4. How will the interim be financed? The devil is truly in the details and will be further detailed as financing schemes emerge.
What has President-elect Trump indicated he wants to do?
He is for repeal and replace.
1. President-elect Trump’s timeline for repeal is within his first 100 days.
2. Mr. Trump has indicated that insurance for young people covered by their parents’ policies is not something he wishes to change.
3. Mr. Trump understands that pre-existing conditions are a major issue and will need to be addressed in the repeal.
4. Mr. Trump does indicate that he is for gradually replacing the PPACA with common sense financing and insurance schemes that are affordable, sustainable, and reasonable for the all people needing health insurance.
What has President-elect Trump done?
Look at Mr. Trump’s nominees for the two most important positions in charge of government healthcare oversight.
1. He has nominated Dr. Tom Price for Secretary of Health and Human Services (HHS). Dr. Price has been a constant and consistent opponent of the PPACA. He has continually introduced his plan for repeal and replace over the last 6 years. The Empowering Patients First Act is the plan for the repeal and replace that embodies Dr. Price’s vision of healthcare reform.
2. He has nominated for Director of the Centers for Medicare and Medicaid Services (CMS) Seema Verma. Ms. Verma, who worked for Vice President-elect Mike Pence, ran the Medicaid program in Indiana, known as the Healthy Indiana Plan (or HIP 2.0). HIP 2.0 requires contributions to a health savings account (HSA) by Medicaid recipients.
Republicans in Congress
Speaker of the House Paul Ryan tasked Chairmen of House Committees responsible for the oversight of health care to develop a plan and present this plan to the American people. The House Republicans’ healthcare reform replacement plan is called “A Better Way.”
1. Medicare will stay virtually “as is”. Payment methodologies will remain in flux with a shift to “Value,” “Quality,” “Outcome,” and “Risk” linked payments. With Dr. Price as Secretary of HHS, hopefully the transition period to a Merit-Based Incentive Payment System (MIPS) and Alternate Payment Methods (APM) will be extended and requirements will be further simplified and improved. Much of the turmoil in Medicare payment methods is a result of the Medicare Modernization and CHIP Reauthorization Act (MACRA), a bipartisan replacement of the Sustained Growth Rate (SGR) methodology promoted by the American Medical Association. MACRA is a separate issue from the PPACA repeal and replace.
2. Medicaid will see a shift from federal government mandates and control to state “block grants” with broad requirements. This will allow states to experiment with different payment and treatment options to cover the eligible population in their states. These would not be “one size fits all” central government plans; rather, each state can determine how it delivers health care to its Medicaid recipients.

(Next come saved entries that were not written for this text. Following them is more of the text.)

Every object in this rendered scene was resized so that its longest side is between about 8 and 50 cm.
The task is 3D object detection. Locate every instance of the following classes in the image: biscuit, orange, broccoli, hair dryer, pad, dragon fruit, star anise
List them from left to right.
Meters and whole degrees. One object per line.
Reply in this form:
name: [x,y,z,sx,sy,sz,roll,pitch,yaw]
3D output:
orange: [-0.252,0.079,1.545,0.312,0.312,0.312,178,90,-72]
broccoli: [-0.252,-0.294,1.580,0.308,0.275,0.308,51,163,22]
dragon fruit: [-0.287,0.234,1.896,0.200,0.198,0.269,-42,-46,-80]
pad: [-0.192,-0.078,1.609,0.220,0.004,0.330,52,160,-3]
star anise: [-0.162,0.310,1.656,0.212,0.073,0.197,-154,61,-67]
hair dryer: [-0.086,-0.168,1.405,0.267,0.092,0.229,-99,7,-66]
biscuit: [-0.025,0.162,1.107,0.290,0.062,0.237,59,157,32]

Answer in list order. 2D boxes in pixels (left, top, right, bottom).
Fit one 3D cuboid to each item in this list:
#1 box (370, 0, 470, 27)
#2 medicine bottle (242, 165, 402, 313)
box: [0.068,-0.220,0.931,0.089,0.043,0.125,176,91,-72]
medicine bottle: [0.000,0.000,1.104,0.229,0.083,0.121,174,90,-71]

3. Commercial (private) insurers
a) Employer and group plans will remain virtually the same.
b) The individual market will gradually change from all federal direct subsidies to a blend of subsidies for low-income and poor recipients and tax credits for others.
c) Health plans will be sold across state lines. This will supposedly allow for more competition and allow more plans in each state. Presently, many insurers are pulling out of the individual market leaving many with no options, one option, or very limited insurance options.

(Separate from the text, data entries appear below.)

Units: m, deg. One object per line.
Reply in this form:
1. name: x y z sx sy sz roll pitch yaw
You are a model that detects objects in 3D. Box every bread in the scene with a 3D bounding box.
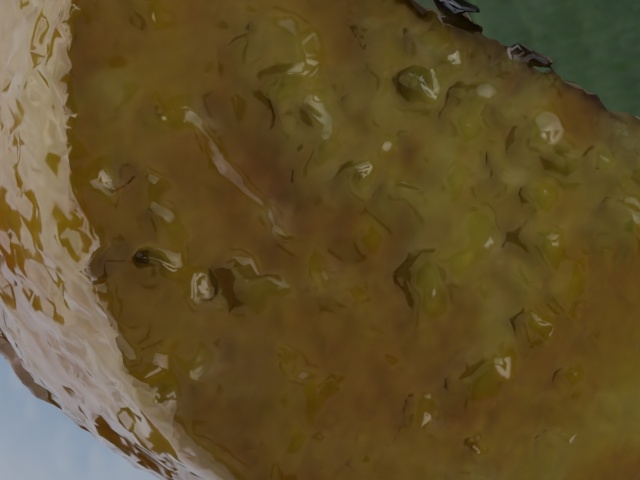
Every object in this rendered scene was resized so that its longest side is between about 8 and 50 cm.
1. bread: 0.000 0.000 0.392 0.143 0.229 0.139 10 77 65
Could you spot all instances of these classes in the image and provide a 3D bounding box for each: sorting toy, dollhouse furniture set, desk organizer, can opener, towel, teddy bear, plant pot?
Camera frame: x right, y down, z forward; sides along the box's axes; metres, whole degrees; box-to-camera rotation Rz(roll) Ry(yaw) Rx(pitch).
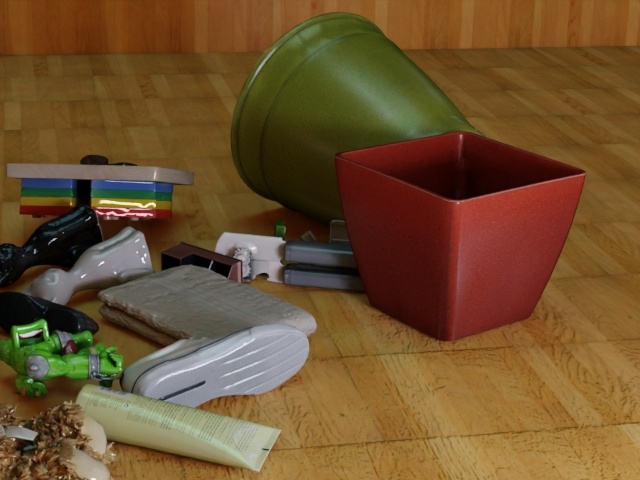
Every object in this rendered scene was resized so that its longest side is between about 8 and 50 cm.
[{"bbox_3d":[-0.367,-0.080,2.355,0.255,0.089,0.257,2,1,9],"label":"sorting toy"},{"bbox_3d":[0.000,0.000,2.254,0.151,0.076,0.058,4,7,-3],"label":"dollhouse furniture set"},{"bbox_3d":[-0.185,0.044,2.161,0.130,0.047,0.050,16,26,35],"label":"desk organizer"},{"bbox_3d":[-0.031,0.029,2.175,0.280,0.074,0.093,6,19,12],"label":"can opener"},{"bbox_3d":[-0.168,0.107,1.987,0.282,0.049,0.187,20,28,40],"label":"towel"},{"bbox_3d":[-0.387,0.244,1.531,0.338,0.113,0.245,0,25,-28],"label":"teddy bear"},{"bbox_3d":[0.196,-0.002,2.042,0.267,0.236,0.267,-12,24,-36],"label":"plant pot"},{"bbox_3d":[0.097,-0.151,2.360,0.366,0.367,0.353,-14,37,-37],"label":"plant pot"}]

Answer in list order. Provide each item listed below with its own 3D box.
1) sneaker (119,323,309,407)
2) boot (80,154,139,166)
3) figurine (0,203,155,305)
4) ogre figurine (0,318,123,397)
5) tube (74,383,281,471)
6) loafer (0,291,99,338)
[{"bbox_3d":[-0.137,0.153,1.788,0.258,0.094,0.091,-12,28,-33],"label":"sneaker"},{"bbox_3d":[-0.408,-0.145,2.696,0.106,0.037,0.114,-2,15,-16],"label":"boot"},{"bbox_3d":[-0.394,0.039,2.123,0.209,0.092,0.215,-25,32,-36],"label":"figurine"},{"bbox_3d":[-0.342,0.148,1.785,0.118,0.097,0.197,0,25,-32],"label":"ogre figurine"},{"bbox_3d":[-0.174,0.225,1.651,0.240,0.070,0.062,10,-23,10],"label":"tube"},{"bbox_3d":[-0.389,0.112,1.956,0.170,0.062,0.061,17,2,28],"label":"loafer"}]

The one thing that you can count on is every single special interest group will have its opinion on the PPACA repeal and replace. Everyone will be looking out for themselves and bemoan the largesse they negotiated in the PPACA. The sky is falling everywhere for these special interests, and you will hear them all. The media will make sure every negative possibility and potential pitfall are exaggerated to their fullest. I encourage you to take a deep breath and relax. I also ask that you please let us know what you want to hear about and we will try to explore the possibilities.